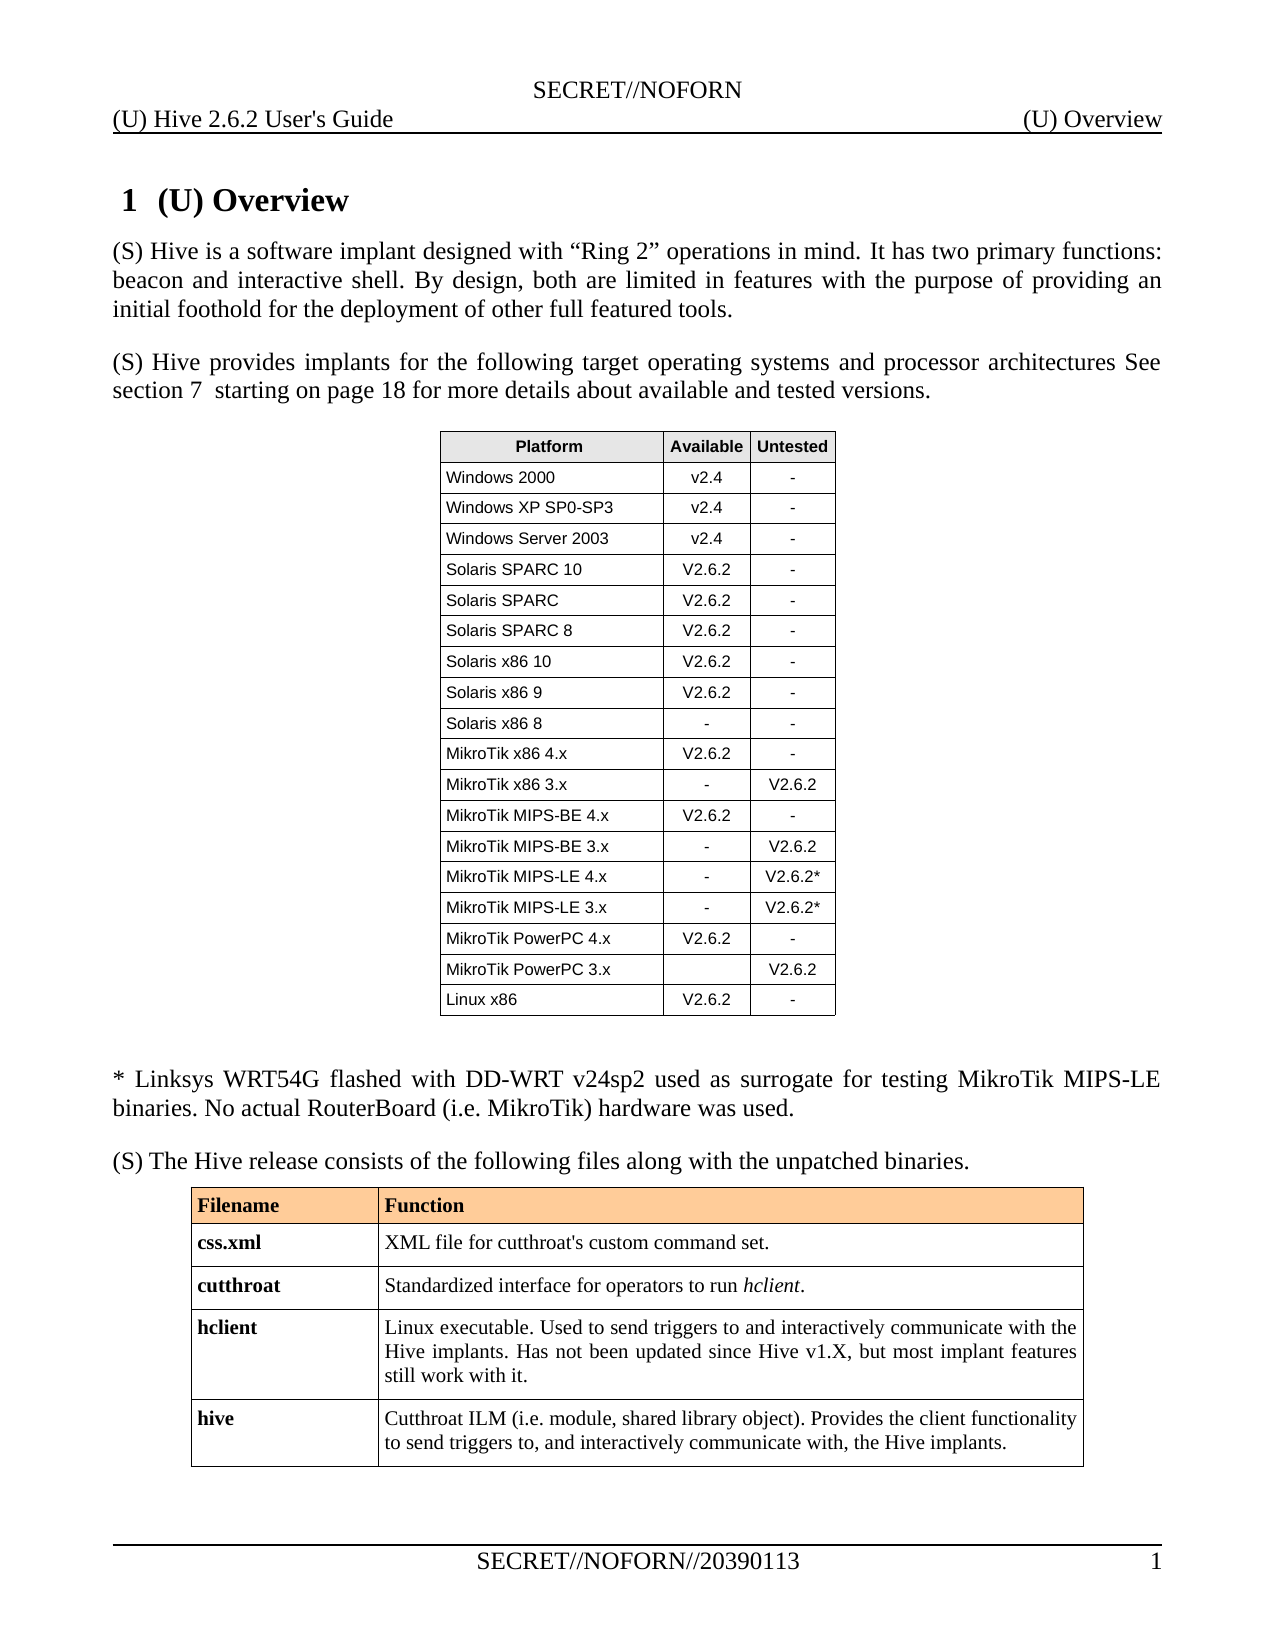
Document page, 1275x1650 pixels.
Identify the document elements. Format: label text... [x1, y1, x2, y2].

table_cell V2.6.2 [664, 586, 750, 615]
table_cell MikroTik MIPS-LE 3.x [441, 893, 663, 923]
table_header Available [664, 432, 750, 462]
table_cell Windows XP SP0-SP3 [441, 494, 663, 523]
table_cell - [751, 709, 835, 738]
table_cell XML file for cutthroat's custom command set. [379, 1224, 1083, 1266]
table_header Filename [192, 1188, 378, 1223]
table_cell MikroTik PowerPC 4.x [441, 924, 663, 953]
table_cell Solaris SPARC [441, 586, 663, 615]
table_cell V2.6.2 [751, 770, 835, 800]
table_cell MikroTik PowerPC 3.x [441, 955, 663, 984]
table_cell - [751, 678, 835, 708]
table_header Function [379, 1188, 1083, 1223]
text (S) Hive is a software implant designed with “Ring 2” operations in mind. It has two primary functions: beacon and interactive shell. By design, both are limited in features with the purpose of providing an initial foothold for the deployment of other full featured tools. [112, 236, 1162, 323]
table_cell - [751, 555, 835, 585]
table_cell V2.6.2 [751, 832, 835, 861]
table_cell V2.6.2 [751, 955, 835, 984]
table_cell hclient [192, 1310, 378, 1399]
table_cell V2.6.2 [664, 678, 750, 708]
table_cell Solaris SPARC 10 [441, 555, 663, 585]
table_cell V2.6.2 [664, 616, 750, 646]
subtitle (U) Overview [112, 180, 1162, 218]
table_cell Solaris x86 8 [441, 709, 663, 738]
table_cell - [751, 924, 835, 953]
table_cell v2.4 [664, 463, 750, 492]
table_cell hive [192, 1400, 378, 1466]
table_cell - [751, 985, 835, 1015]
table_cell - [751, 524, 835, 554]
table_cell - [664, 862, 750, 892]
table_cell Windows Server 2003 [441, 524, 663, 554]
table_cell V2.6.2 [664, 555, 750, 585]
table_cell MikroTik x86 3.x [441, 770, 663, 800]
table_cell MikroTik MIPS-BE 4.x [441, 801, 663, 831]
table_cell - [751, 647, 835, 677]
table_cell V2.6.2 [664, 801, 750, 831]
table_cell V2.6.2* [751, 893, 835, 923]
table_cell v2.4 [664, 524, 750, 554]
table_cell Cutthroat ILM (i.e. module, shared library object). Provides the client functionality to send triggers to, and interactively communicate with, the Hive implants. [379, 1400, 1083, 1466]
text * Linksys WRT54G flashed with DD-WRT v24sp2 used as surrogate for testing MikroTik MIPS-LE binaries. No actual RouterBoard (i.e. MikroTik) hardware was used. [112, 1064, 1162, 1122]
table_cell Linux executable. Used to send triggers to and interactively communicate with the Hive implants. Has not been updated since Hive v1.X, but most implant features still work with it. [379, 1310, 1083, 1399]
table_cell V2.6.2 [664, 647, 750, 677]
text (S) Hive provides implants for the following target operating systems and processor architectures See section 7 starting on page 17 for more details about available and tested versions. [112, 347, 1162, 404]
table_cell Solaris x86 10 [441, 647, 663, 677]
table_cell Solaris SPARC 8 [441, 616, 663, 646]
table_cell Linux x86 [441, 985, 663, 1015]
table_header Platform [441, 432, 663, 462]
table_cell Solaris x86 9 [441, 678, 663, 708]
table_header Untested [751, 432, 835, 462]
table_cell V2.6.2* [751, 862, 835, 892]
table_cell - [751, 801, 835, 831]
table_cell MikroTik MIPS-BE 3.x [441, 832, 663, 861]
table_cell - [751, 616, 835, 646]
table_cell css.xml [192, 1224, 378, 1266]
table_cell V2.6.2 [664, 924, 750, 953]
table_cell V2.6.2 [664, 985, 750, 1015]
table_cell - [751, 494, 835, 523]
table_cell - [751, 586, 835, 615]
table_cell Standardized interface for operators to run hclient. [379, 1267, 1083, 1308]
table_cell - [664, 770, 750, 800]
table_cell v2.4 [664, 494, 750, 523]
table_cell - [664, 709, 750, 738]
table_cell MikroTik MIPS-LE 4.x [441, 862, 663, 892]
table_cell - [664, 893, 750, 923]
table_cell Windows 2000 [441, 463, 663, 492]
table_cell cutthroat [192, 1267, 378, 1308]
table_cell V2.6.2 [664, 739, 750, 769]
table_cell - [664, 832, 750, 861]
table_cell - [751, 463, 835, 492]
table_cell MikroTik x86 4.x [441, 739, 663, 769]
table_cell - [751, 739, 835, 769]
text (S) The Hive release consists of the following files along with the unpatched binaries. [112, 1146, 1162, 1175]
table_cell [664, 955, 750, 984]

Assignment =>
Return, unchanged, the run of lines above that opens with the line containing "table_cell - [664, 862, 750, 892]" and closes with the line containing "table_cell Linux x86 [441, 985, 663, 1015]". Include both.

Solution =>
table_cell - [664, 862, 750, 892]
table_cell Windows Server 2003 [441, 524, 663, 554]
table_cell V2.6.2 [664, 555, 750, 585]
table_cell MikroTik x86 3.x [441, 770, 663, 800]
table_cell MikroTik MIPS-BE 4.x [441, 801, 663, 831]
table_cell - [751, 647, 835, 677]
table_cell V2.6.2 [664, 801, 750, 831]
table_cell V2.6.2* [751, 893, 835, 923]
table_cell v2.4 [664, 524, 750, 554]
table_cell Cutthroat ILM (i.e. module, shared library object). Provides the client functionality to send triggers to, and interactively communicate with, the Hive implants. [379, 1400, 1083, 1466]
text * Linksys WRT54G flashed with DD-WRT v24sp2 used as surrogate for testing MikroTik MIPS-LE binaries. No actual RouterBoard (i.e. MikroTik) hardware was used. [112, 1064, 1162, 1122]
table_cell Linux executable. Used to send triggers to and interactively communicate with the Hive implants. Has not been updated since Hive v1.X, but most implant features still work with it. [379, 1310, 1083, 1399]
table_cell V2.6.2 [664, 647, 750, 677]
text (S) Hive provides implants for the following target operating systems and processor architectures See section 7 starting on page 17 for more details about available and tested versions. [112, 347, 1162, 404]
table_cell Solaris x86 10 [441, 647, 663, 677]
table_cell Solaris SPARC 8 [441, 616, 663, 646]
table_cell Linux x86 [441, 985, 663, 1015]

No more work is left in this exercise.